Overall, theoretical and experimental studies have revealed the presence of ambient pressure modulated subharmonic emissions (1, 10, 13–15, 17, 18, 23, 32, 33); these subharmonic emissions are harnessed in the current manuscript to estimate RV pressures. The application of SHAPE in open-chest canines provided an initial proof-of-concept, but the use of single element transducers (without imaging capability) and the invasive approach precluded clinical investigations (13). Hence, this pilot study evaluates the potential of SHAPE to measure RV pressures noninvasively in a closed-chest model using a commercially available ultrasound scanner.

MATERIALS AND METHODS

Animal Preparation

This study was approved by the Institutional Animal Care and Use Committee of Thomas Jefferson University and conducted in accordance with the recommendations of the Panel on Euthanasia of the American Veterinary Medical Association. Five mongrel dogs (weight range, 21 to 23 kg) were studied in this project to evaluate the efficacy of noninvasively estimating and tracking pressures in the RV using SHAPE. Initially, an intravenous injection of Propofol (Abbott Laboratories, Chicago, IL; dose of 7 ml/kg) was used as the anesthetic. During the course of the experiments, the animals were intubated and anesthesia was maintained with 0.5% to 2% isoflurane (Iso-thesia; Abbott Laboratories) via an endotracheal tube. A warming blanket was also used to maintain normal body temperature. An 18-gauge catheter was placed in a forelimb vein for infusion of Sonazoid microbubbles (GE Healthcare, Oslo, Norway) at a concentration of 0.015 μl·kg⁻¹·min⁻¹. Sonazoid microbubbles were selected for this study, because the subharmonic emissions from this agent were found to be the most sensitive to ambient pressures when compared with the subharmonic emissions from other contrast agents (17). This concept was verified through simulations and experimental studies conducted by independent laboratories working with Sonazoid and other contrast agents (1, 15). Sonazoid is not yet approved by the US Food and Drug Administration for human use, but this agent has been used for 5 years to detect liver lesions in Japan and other numerous animal and human studies have documented the safety of Sonazoid microbubbles for in vivo use (24). Sonazoid microbubbles have a volume median diameter of about 3 μm, enabling them to traverse the entire vasculature, and they can withstand ambient pressure changes up to 300 mmHg (19, 34). A 5F solid state micromanometer tipped catheter (SPR 350; Millar Instruments, Houston, TX) was used as the reference standard and was introduced at the site for pressure measurements under ultrasound guidance. At the end of the experiments the canines were euthanized by an intravenous injection of Beuthanasia (0.25 mg/kg).

Data Acquisition

A commercial SonixRP ultrasound scanner (Ultrasonix, Richmond, BC, Canada) with a PA4-2 phased array probe (2.5-MHz center frequency) was used to image the canines (closed chest) in pulse inversion grayscale mode.
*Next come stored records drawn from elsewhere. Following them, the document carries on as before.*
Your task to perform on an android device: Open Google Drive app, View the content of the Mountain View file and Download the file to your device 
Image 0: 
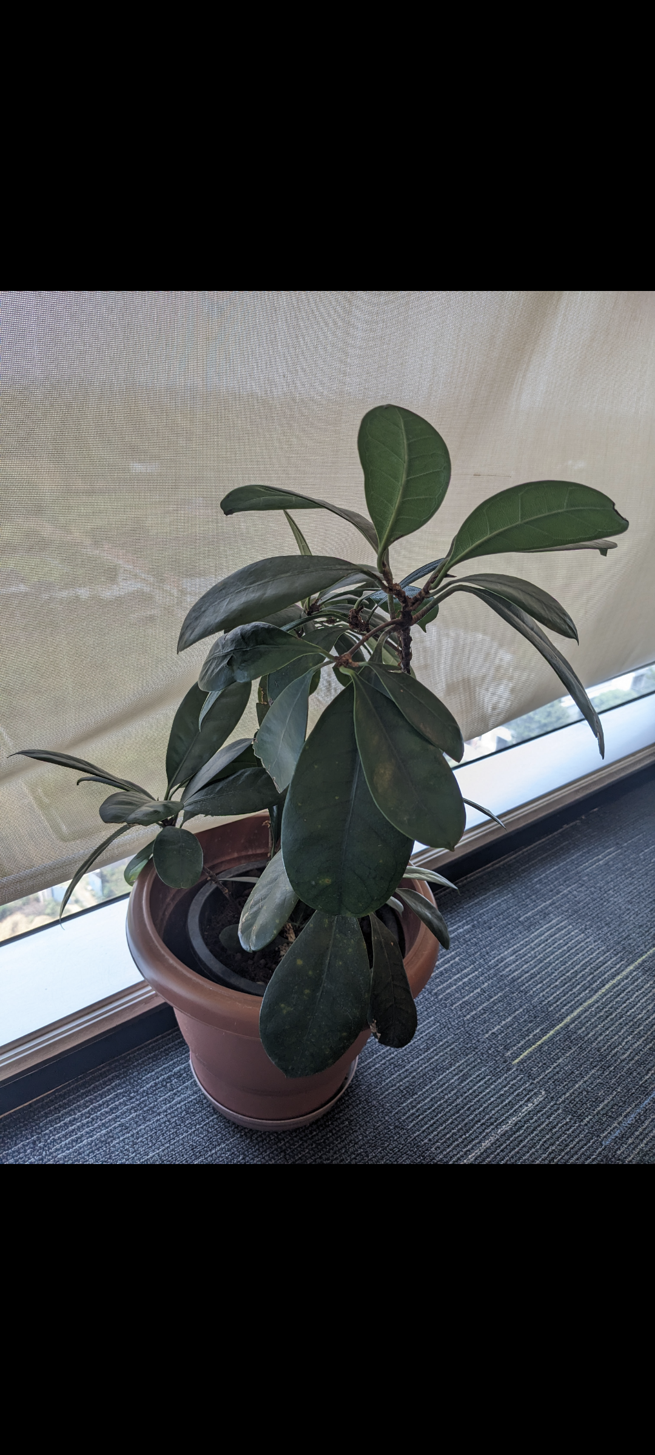
Open Google Drive App
Step 0: open app "Drive"
Image 1: 
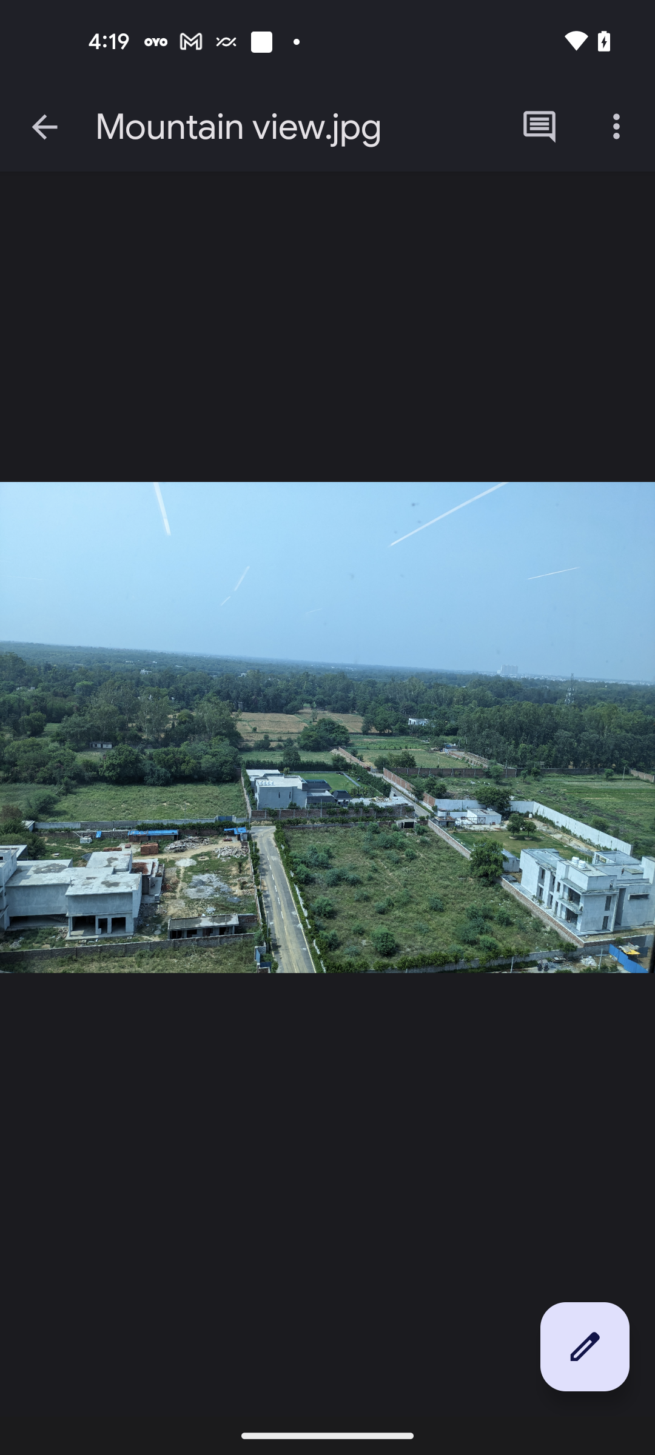
Click on the three dots icon at the top right corner of the screen
Step 1: click (616, 127)
Image 2: 
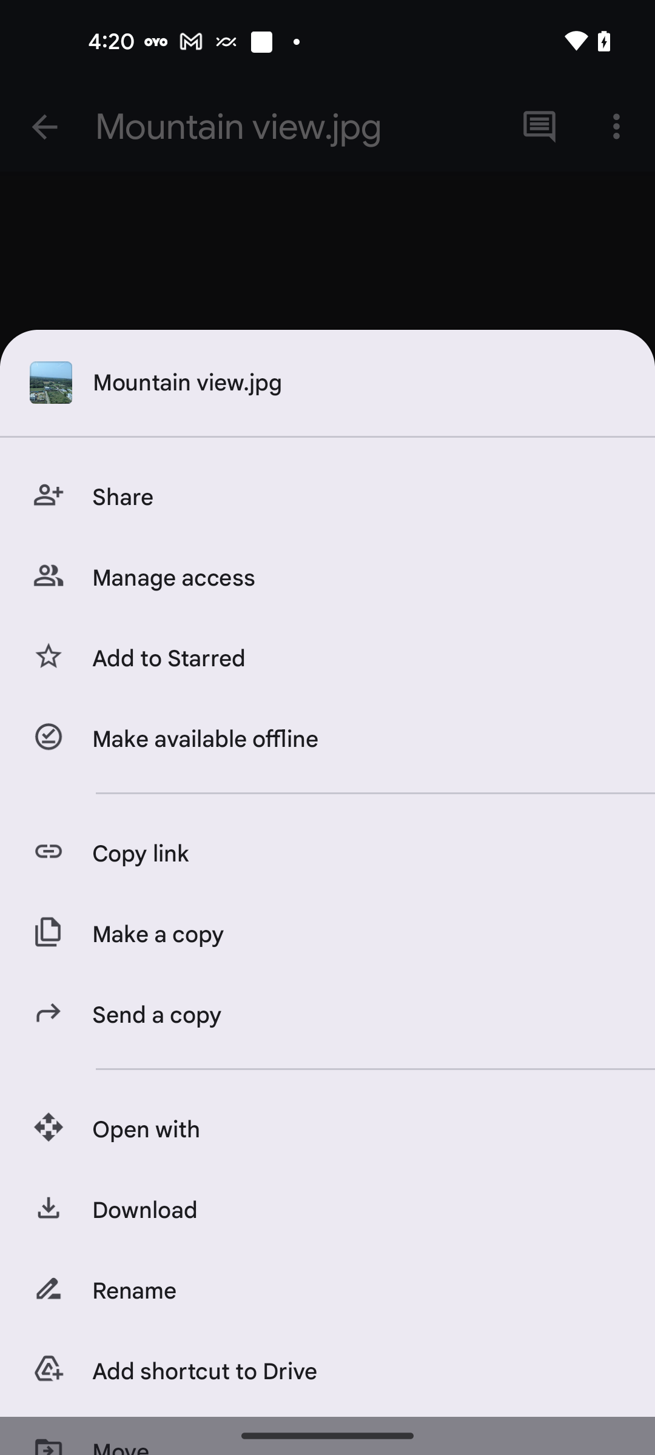
Click on the Download option
Step 2: click (354, 1210)

A synchronization signal from the ultrasound scanner was used to trigger an oscilloscope (9350 AM; LeCroy, Chestnut Ridge, NY) for simultaneous acquisition of the pressure catheter data on a computer through LabView (Version 8.0; National Instruments, Austin, TX). The subharmonic response from the Sonazoid microbubbles and their ability to track ambient pressures depend on the insonation frequency and the incident acoustic power. Based on in vitro studies, the ultrasound transmit frequency was maintained at 2.5 MHz (17), whereas the incident acoustic output power from the scanner was varied from −8 to 0 dB (i.e., from 39% to maximum scanner output in increments of 2 dB or from 76 to 897 kPa peak to peak corresponding to a peak mechanical index of 0.38). This range of incident power levels was selected to elicit the subharmonic response from the microbubbles in the growth phase, which is the ambient pressure sensitive phase. Varying the power levels is required, because the attenuation affecting the incident beam will vary on a case-by-case basis and will depend on the site and depth of the measurement location. The unprocessed ultrasound radio frequency (RF) data were acquired in triplicate for 5 s simultaneously with the pressure catheter data for each of the five discreet acoustic power levels [−8 dB (39%), −6 dB (50%), −4 dB (63%), −2 dB (79%), and 0 dB (100%)]. These data were first acquired from the aorta, then from the RV, and then from the right atrium (RA) of all five canines cumulating to 225 data sets. The ultrasound data acquisitions were performed in B/pulsed wave mode (simultaneous display of live B-mode images and pulsed wave Doppler waveform; B-mode pulses interleaved with pulsed wave pulses) to avoid possible signal corruption due to motion artifacts.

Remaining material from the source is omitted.